The use of segmental pedicle screws has made many surgeons question the need for an anterior fusion even in a very young patient. By engaging all three columns of the vertebra, the thought is that pedicle screws can suppress the growth that may occur from the vertebral body endplates. In addition, the improved axial correction may also minimize the risk of the apical vertebra spinning out that is typically seen with crankshaft.

When Sponseller et al ²⁰ first studied fusion in AIS patients with open triradiate cartilages, they found significant late increases in the deformity following posterior-only surgery. They did not see this deformity progression in patients treated with combined anterior and posterior spinal fusion. None of the patients, however, had all-pedicle screw instrumentation in this early study. A subsequent study investigating a similar group of patients treated by posterior-only spinal fusion with pedicle screws demonstrated a similar outcome with increased risk of curve progression compared to a combined approach. ²¹ In this study, the selection of the distal fusion level was also determined to be a significant risk factor for progression. Patients with open triradiate cartilage fused short of the stable vertebra progressed with a posterior-only fusion. Therefore, pedicle screws may not protect from late deformity progression in very young patients, and extra attention is needed when selecting the distal fusion level.

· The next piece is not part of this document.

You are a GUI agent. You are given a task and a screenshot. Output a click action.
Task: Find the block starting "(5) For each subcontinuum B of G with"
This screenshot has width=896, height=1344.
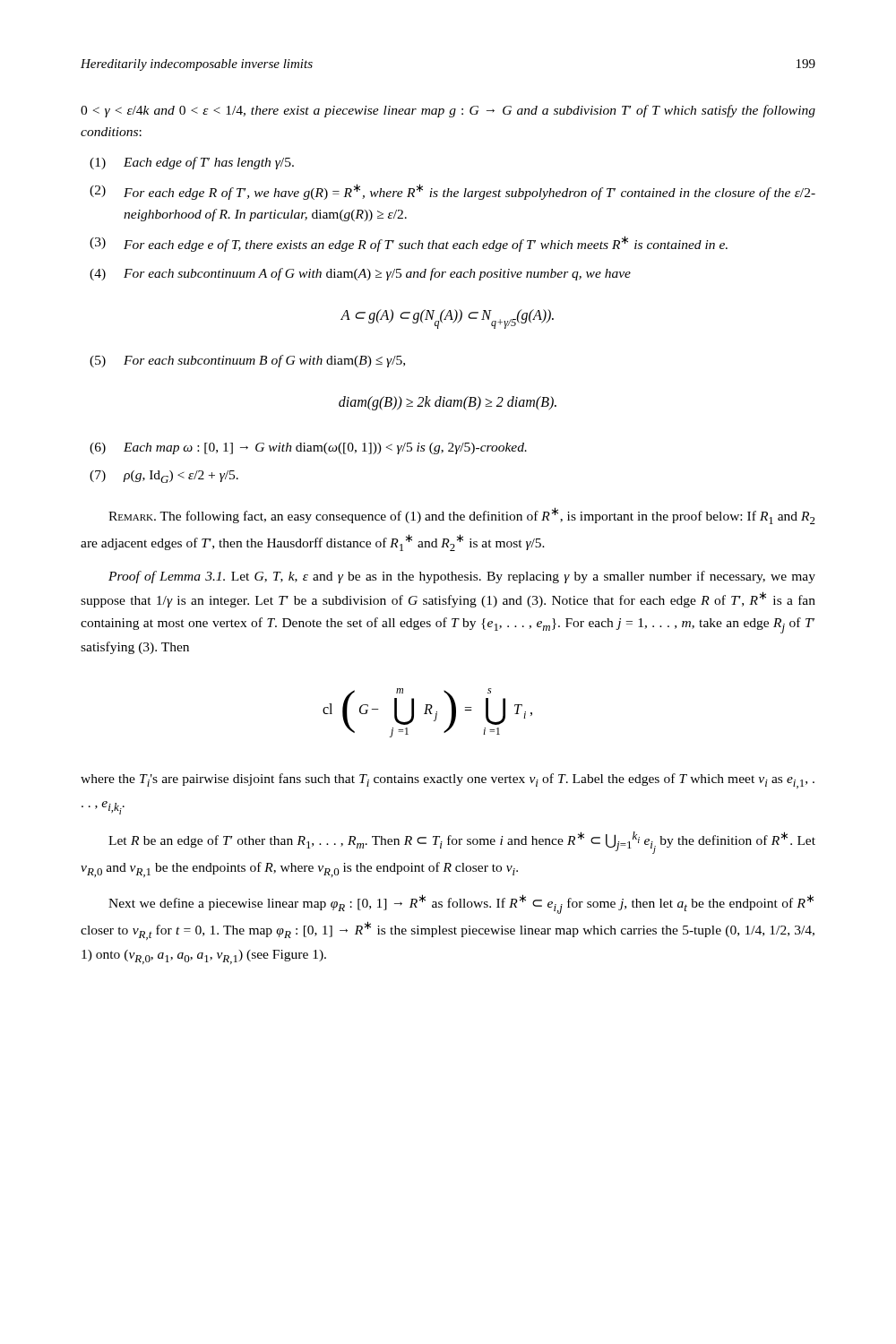click(x=247, y=361)

The concerns for late progression do not necessarily suggest that early fusion is bad for all patients. Especially for neuromuscular patients who have added risk in repetitive procedures due to comorbidities, and for whom three-planar fixation is critical due to poor bone stock, deformity characteristics, and rigidity, the definitive fusion option is a good alternative. ²² In this population, growth is slower compared to the normal population, the possibility of crankshaft is lower, and the possibility of strenuous physical activity in the future is low, so they do not require the same pulmonary capacity/reserve as a patient with idiopathic scoliosis. However, for patients with idiopathic scoliosis who are otherwise healthy with an expectation of normal height and activity level in life, controversy remains with many questions as yet unanswered regarding the efficacy, safety, and the point at which an “early” definitive fusion is better than a growth-sparing approach that delays the timing of the “final” fusion.

The sole study in the literature where these two methods are compared was published by Pawelek et al. ¹¹ Utilizing two large multicenter databases, a one-to-one patient match was performed comparing GR treatment to a cohort undergoing definitive fusion. The patients were matched based on age, major curve magnitude, and curve apex. As expected, the GR patients underwent significantly more surgical procedures, 54 compared to 13. A better correction was achieved in the posterior fusion group although there was no significant difference in total spinal growth achieved. There were no significant differences in the number of complications requiring unplanned surgery. The limitations of this study are (1) the low number of patients (11 in each group) and (2) that some patients had not reached skeletal maturity. Although the findings suggest that GR treatment does not benefit older patients with juvenile idiopathic scoliosis, the limitations make it difficult to draw hard conclusions regarding the safety and efficacy of this technique. In addition, this study does not account for the decreased surgical interventions seen with MCGR.